LSD1 overexpression in HCC patients correlated with reduced PD-L1 expression, less CD8 T cell infiltration and poorer prognosis. LSD1 deletion increased PD-L1 expression, boosted effector CD8 T cells in vitro and inhibited tumour growth in vivo. While anti-PD-1 monotherapy initially suppressed tumour growth, it led to relapse upon antibody withdrawal. In contrast, combining LSD1 inhibition with anti-PD-1 therapy effectively halted tumour growth and prevented relapse, likely through TME remodelling, enhanced CD8 T cell activity and improved CD74-mediated antigen presentation. Clinically, low LSD1 expression was associated with better response to anti-PD-1 therapy.
LSD1 deletion reshapes the TME, enhances CD8 T cell function and prevents acquired resistance to anti-PD-1 therapy in HCC. The combination of LSD1 inhibitors and PD-1 blockade offers a promising strategy for overcoming resistance in advanced HCC.
Uncovering the synthetic lethality resulting from LSD1 deletion and PD1 inhibitor co-administration, evaluating their combined effects on tumour growth and TME remodelling. Elucidating the mechanism underlying the combined therapy of LSD1 deletion with PD1 inhibition for HCC. Exploring the implications of LSD1, CD74 and effector CD8 T cell expression levels in advanced HCC patients undergoing anti-PD1 treatment.
免疫检查点阻断,特别是针对程序性死亡蛋白 1(PD-1)和程序性死亡配体 1(PD-L1),在治疗肝细胞癌(HCC)方面显示出前景。然而,获得性耐药,尤其是在“热肿瘤”患者中,限制了持续获益。赖氨酸特异性去甲基化酶 1(LSD1)在将“冷肿瘤”转变为“热肿瘤”中起作用,但其在 HCC 中对 PD-1 抑制剂耐药性的影响尚不清楚。
使用免疫组织化学评估 HCC 组织中 LSD1 和 PD-L1 的表达以及 CD8 T 细胞浸润情况,并将这些标志物与患者预后相关联。在体外研究 LSD1 缺失对肿瘤细胞增殖和 CD8 T 细胞相互作用的影响。使用小鼠模型研究 LSD1 抑制和抗 PD-1 治疗对肿瘤生长和肿瘤微环境(TME)的联合作用。在接受 PD-1 阻断治疗的晚期 HCC 患者中验证 LSD1、CD74 和效应性 CD8 T 细胞的临床相关性。
HCC 患者中 LSD1 过表达与 PD-L1 表达降低、CD8 T 细胞浸润减少及预后较差相关。LSD1 缺失增加 PD-L1 表达,在体外增强效应性 CD8 T 细胞并在体内抑制肿瘤生长。虽然抗 PD-1 单药治疗最初抑制肿瘤生长,但停药后会导致复发。相比之下,将 LSD1 抑制与抗 PD-1 治疗相结合可有效阻止肿瘤生长并预防复发,可能是通过 TME 重塑、增强 CD8 T 细胞活性和改善 CD74 介导的抗原呈递。临床上,低 LSD1 表达与对抗 PD-1 治疗的更好反应相关。

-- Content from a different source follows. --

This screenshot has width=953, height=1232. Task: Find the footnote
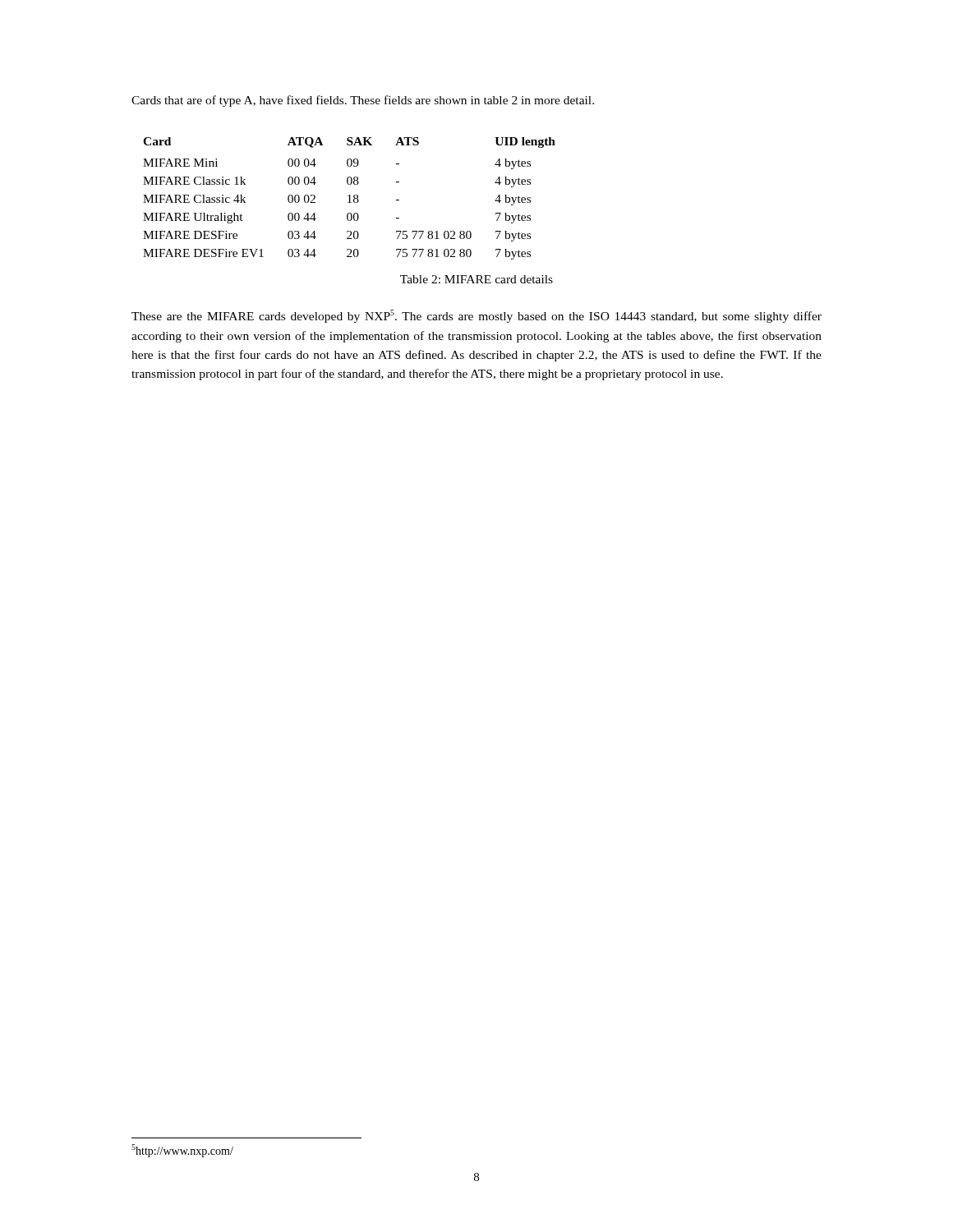182,1150

LSD1 缺失重塑 TME,增强 CD8 T 细胞功能并预防 HCC 对抗 PD-1 治疗的获得性耐药。LSD1 抑制剂与 PD-1 阻断的联合使用为克服晚期 HCC 的耐药性提供了一种有前景的策略。
揭示 LSD1 缺失与 PD1 抑制剂联合给药产生的合成致死性,评估它们对肿瘤生长和 TME 重塑的联合作用。阐明 LSD1 缺失与 PD1 抑制联合治疗 HCC 的潜在机制。探索 LSD1、CD74 和效应性 CD8 T 细胞表达水平在接受抗 PD1 治疗的晚期 HCC 患者中的意义。